Josephson and Howie

10.52am   23.8.2020

I should also say, since you people are so keen on niggling, that to be strictly correct, after the capacitor has been charged there will be transients that will decay rapidly, so in that sense, if you wish to interpret ’static’ in that way, there will never be a completely static field.  And again, thermal fluctuations and lightning strikes will lead to fluctuations.  Will that satisfy y’guys who insist there is no such thing as a static field in a capacitor?

- Brian Josephson.

 

This is very interesting. Both Josephson and Howie (wrongly) think of “ohmic losses” causing the energy, which they presumably agree enters the charging capacitor http://www.ivorcatt.org/icrwiworld78dec1.htm at the speed of light, to slow down. Let us enter their world, assuming they are right in this.

This means that (for them) in a Platonic, or ideal situation, of perfectly conducting capacitor plates, the theoretical perfect charged capacitor would permanently have a reciprocating, not a static, electric field. Thus, in their view, it is the failure of the capacitor to have perfectly conducting plates that leads to the static electric field.

 

This is not delivered as a reduction ad absurdum. It is delivered in the spirit of science. Dialogue is important.

 

As a further thought, I have difficulty linking resistance, and loss, with drop in velocity. When energy travelling at c meets resistance, does it not only diminish (some of it turning into heat or light) but also slow down? Surely all the ExH energy delivered into charging the capacitor would turn into heat or light, leaving the capacitor electrically uncharged?

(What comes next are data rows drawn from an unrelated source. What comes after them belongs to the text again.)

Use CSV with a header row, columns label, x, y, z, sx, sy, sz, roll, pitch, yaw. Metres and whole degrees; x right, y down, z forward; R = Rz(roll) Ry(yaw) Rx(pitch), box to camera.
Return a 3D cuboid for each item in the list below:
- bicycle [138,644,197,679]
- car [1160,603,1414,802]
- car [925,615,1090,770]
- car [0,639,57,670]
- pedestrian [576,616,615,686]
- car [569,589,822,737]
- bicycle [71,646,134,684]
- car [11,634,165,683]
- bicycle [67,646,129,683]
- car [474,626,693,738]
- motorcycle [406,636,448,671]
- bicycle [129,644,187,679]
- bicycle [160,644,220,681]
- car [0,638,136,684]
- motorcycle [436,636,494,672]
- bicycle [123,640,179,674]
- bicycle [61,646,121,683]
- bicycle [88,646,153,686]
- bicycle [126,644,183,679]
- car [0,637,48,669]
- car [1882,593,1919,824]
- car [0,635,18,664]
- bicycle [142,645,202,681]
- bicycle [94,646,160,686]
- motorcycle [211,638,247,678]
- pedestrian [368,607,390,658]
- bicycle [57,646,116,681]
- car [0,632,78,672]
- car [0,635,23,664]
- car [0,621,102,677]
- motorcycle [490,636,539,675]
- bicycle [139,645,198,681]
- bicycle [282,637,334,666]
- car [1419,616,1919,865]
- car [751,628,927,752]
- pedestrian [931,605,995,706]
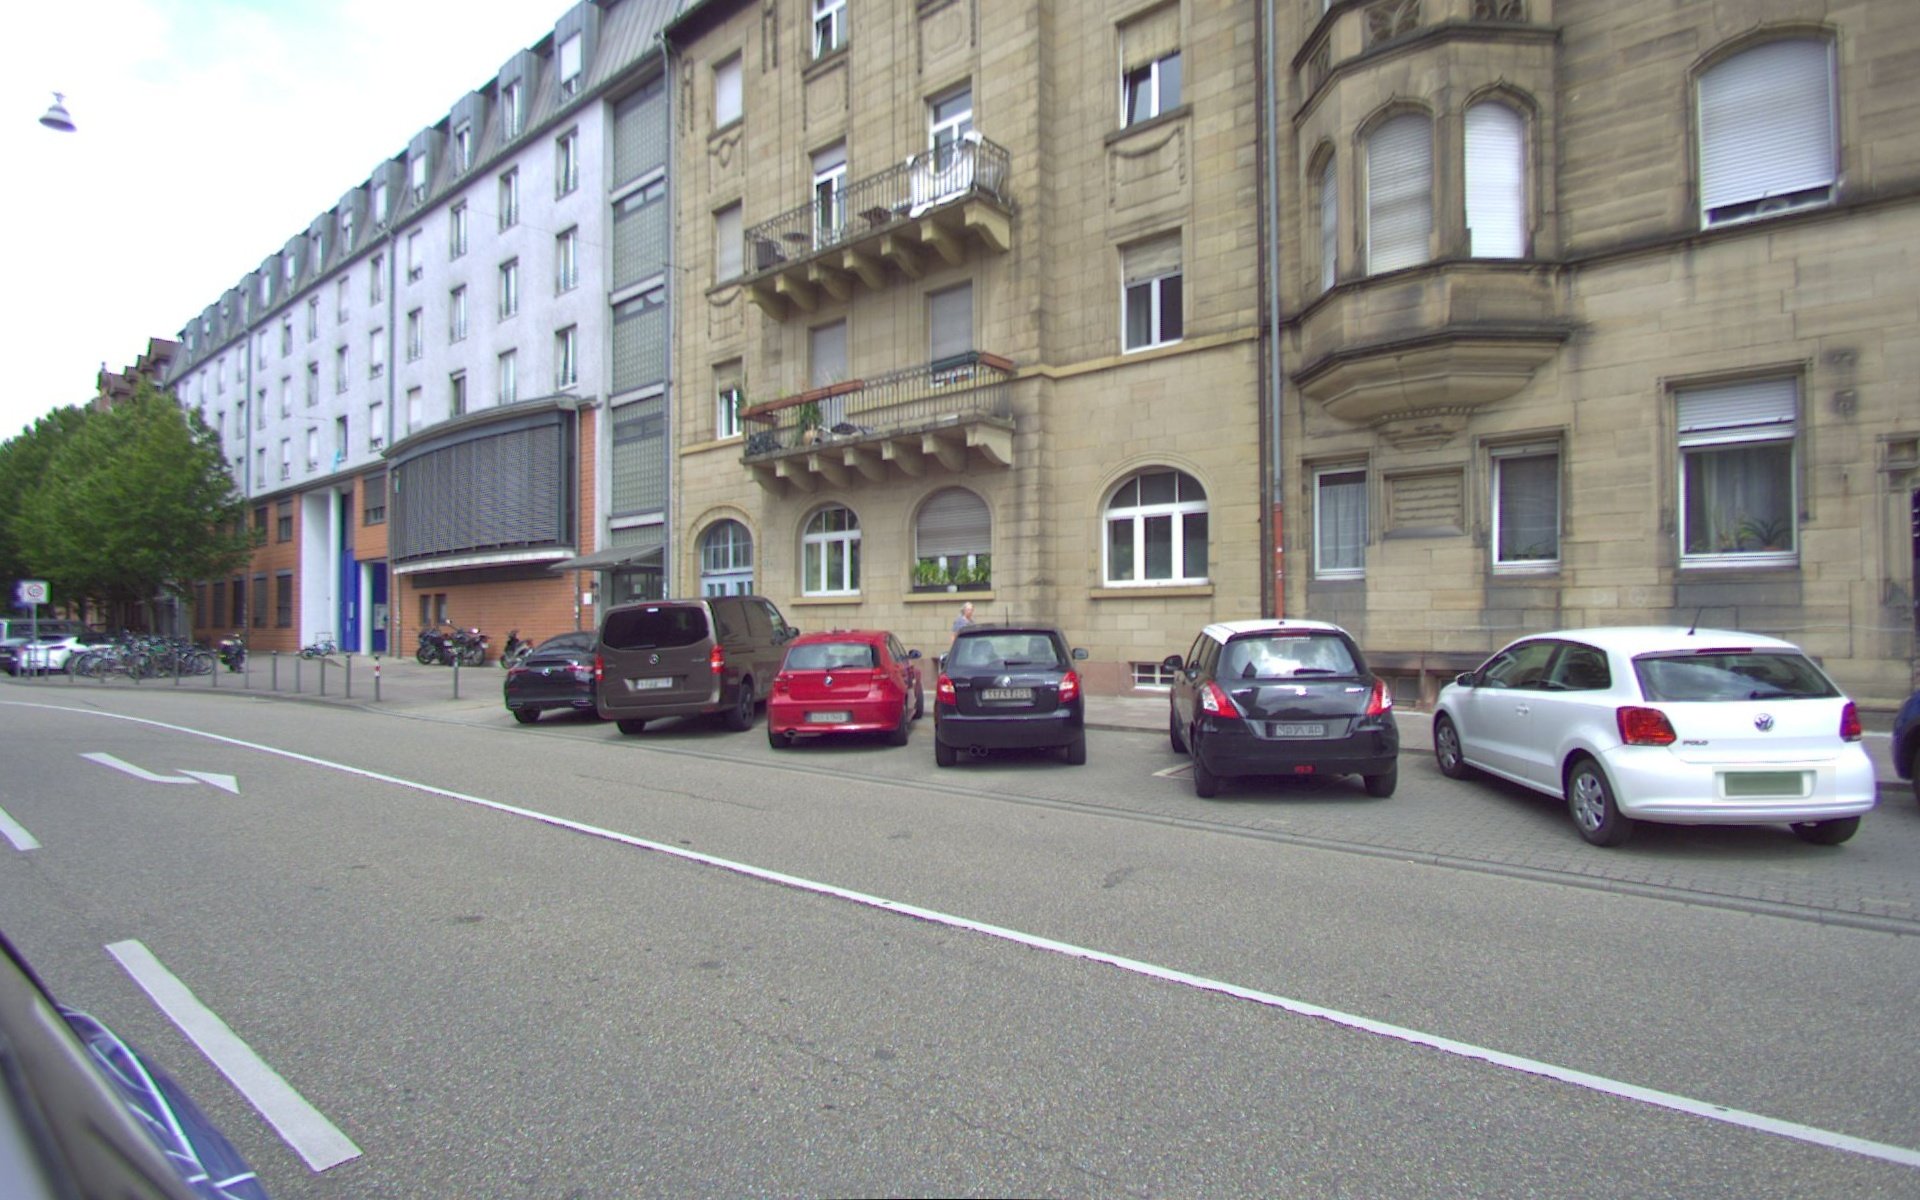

The formula for the total of ExH energy in a reciprocating charged capacitor is equal to the formula for a capacitor with a static electric field.  The formula for the ExH energy entering the capacitor (mathematically) equals the formula for the energy in a charged capacitor. There is no loss of energy (if and) when the energy entering at velocity c slows down to static. (Wrong. During charging, the practical capacitor heats up a little, as it does when discharging. Similarly in Wakefield 4, where reciprocating energy turns into heat {= sinusoidal energy} which radiates out of the capacitor.)

Ivor Catt  12.00  23.8.2020

 

Afterthought.

A TEM wave travelling down between two resistive conductors gradually slows down. As some of the energy is dissipated in the conductors (or perhaps the dielectric) the remining ExH energy is slowing towards a standstill.    12.30pm same day.